You can also use `OPENAI_API_KEY` instead of `LLM_API_KEY`.

### Option B: Gemini direct

```bash
export LLM_PROVIDER="gemini"
export GEMINI_API_KEY="..."
export LLM_MODEL="gemini-2.0-flash"
```

---

## Architecture

The codebase centers around a normalized `Paper` record and an async provider layer.

- `paperhub_cli/models.py`: `Paper`, `SearchFilters`, and known `Source` values
- `paperhub_cli/providers/`: provider implementations, capability metadata, id parsing, merging, and registry
- `paperhub_cli/search/orchestrator.py`: direct multi-provider search orchestration
- `paperhub_cli/tools/__init__.py`: planner-facing tool registry built from the same provider layer
- `paperhub_cli/planner/agents/`: LLM rephrase + decomposition workflow
- `paperhub_cli/reader/fetcher.py`: provider-aware metadata fetch and PDF text extraction

---

## Planner Tool Hints

Planner execution uses grouped tool hints backed by the same provider registry. Examples include:

- `multi_default`
- `open_metadata`
- `biomedical`
- `preprints_wide`
- `broad_scholarly`

## This keeps direct CLI search and planner-guided search aligned.

## Testing

Run the test suite with:

```bash
PYTHONPATH=. pytest -q
```

The test suite includes:

- unit tests for provider resolution and reader id normalization
- fixture-based parsing tests for provider payload normalization
- planner/tool registry coverage

---

## MCP Server Notes

This repository currently provides the provider layer and tool abstractions needed for an MCP server, but it does not yet ship a dedicated MCP server module.
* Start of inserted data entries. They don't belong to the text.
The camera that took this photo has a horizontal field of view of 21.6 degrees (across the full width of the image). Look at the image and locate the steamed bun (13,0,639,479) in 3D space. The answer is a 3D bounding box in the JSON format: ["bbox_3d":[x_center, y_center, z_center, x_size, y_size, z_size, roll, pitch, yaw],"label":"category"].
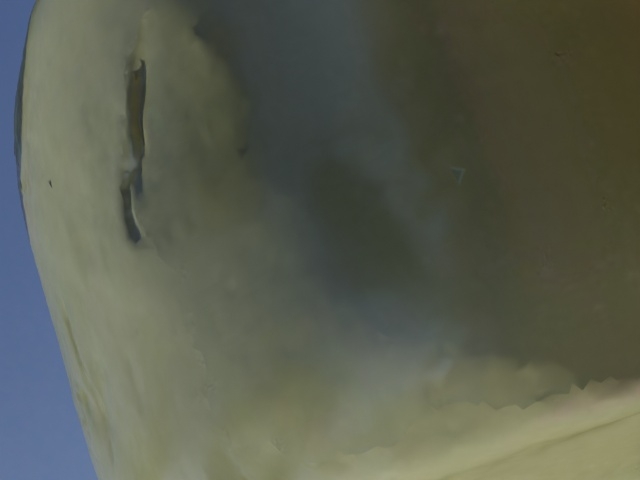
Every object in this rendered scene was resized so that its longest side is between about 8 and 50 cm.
[{"bbox_3d":[0.000,0.000,0.851,0.371,0.289,0.456,65,157,16],"label":"steamed bun"}]
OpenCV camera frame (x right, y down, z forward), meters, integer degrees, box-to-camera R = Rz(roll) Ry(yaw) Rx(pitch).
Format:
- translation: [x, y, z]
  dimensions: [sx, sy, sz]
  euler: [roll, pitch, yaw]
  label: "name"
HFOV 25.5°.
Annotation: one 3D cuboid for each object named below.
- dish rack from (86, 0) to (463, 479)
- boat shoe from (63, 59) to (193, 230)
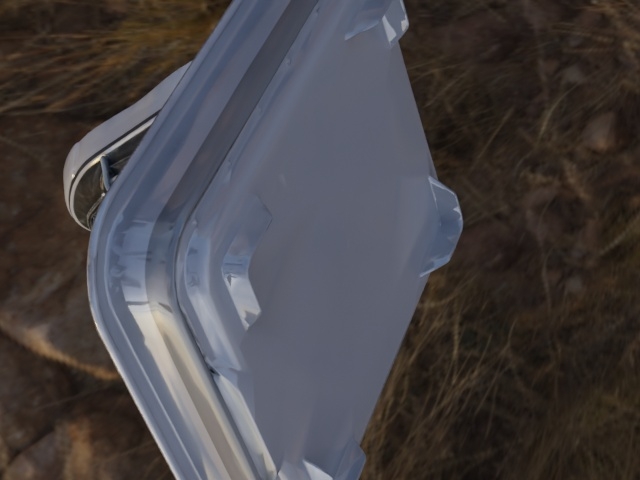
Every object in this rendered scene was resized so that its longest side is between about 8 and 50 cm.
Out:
- translation: [0.000, 0.000, 0.838]
  dimensions: [0.072, 0.333, 0.286]
  euler: [4, 135, 25]
  label: "dish rack"
- translation: [-0.124, -0.045, 1.157]
  dimensions: [0.306, 0.113, 0.105]
  euler: [-26, 58, 47]
  label: "boat shoe"

If you want to expose it over MCP, the intended pattern is:

1. create a thin MCP adapter around the existing provider registry and reader entrypoints
2. expose stable tools such as `search_papers`, `read_paper`, `download_paper`, and `list_providers`
3. return JSON-serializable `Paper.to_dict()` payloads
4. keep MCP tool definitions generic and pass provider ids as parameters instead of creating one MCP tool per provider

Example MCP tools to expose:

- `search_papers`: search across one or more providers
- `read_paper`: fetch normalized metadata by stable id
- `download_paper`: download or export a paper as `pdf`, `txt`, or `md`
- `list_providers`: return provider capability metadata

Example Claude Desktop configuration:

```json
{
  "mcpServers": {
    "paperhub": {
      "command": "python",
      "args": ["-m", "paperhub_cli.mcp.server"],
      "env": {
        "PAPERHUB_UNPAYWALL_EMAIL": "you@example.com",
        "PAPERHUB_SEMANTIC_SCHOLAR_API_KEY": "your-api-key"
      }
    }
  }
}
```

If you prefer a CLI-style entrypoint, the intended UX would be similar to:

```json
{
  "mcpServers": {
    "paperhub": {
      "command": "paperhub-cli",
      "args": ["mcp"]
    }
  }
}
```

## Caveats

- Some providers are best-effort or metadata-only.
- Read/download support depends on OA links or provider capabilities.
- Fragile sources such as Scholar-style scraping and Sci-Hub-style flows should remain opt-in.
- Upstream APIs and HTML layouts may change and require parser maintenance.

---

## License / Attribution

This project references provider behavior and capability ideas similar to `paper-search-mcp`, but implements native async provider support directly in this repository rather than depending on that package.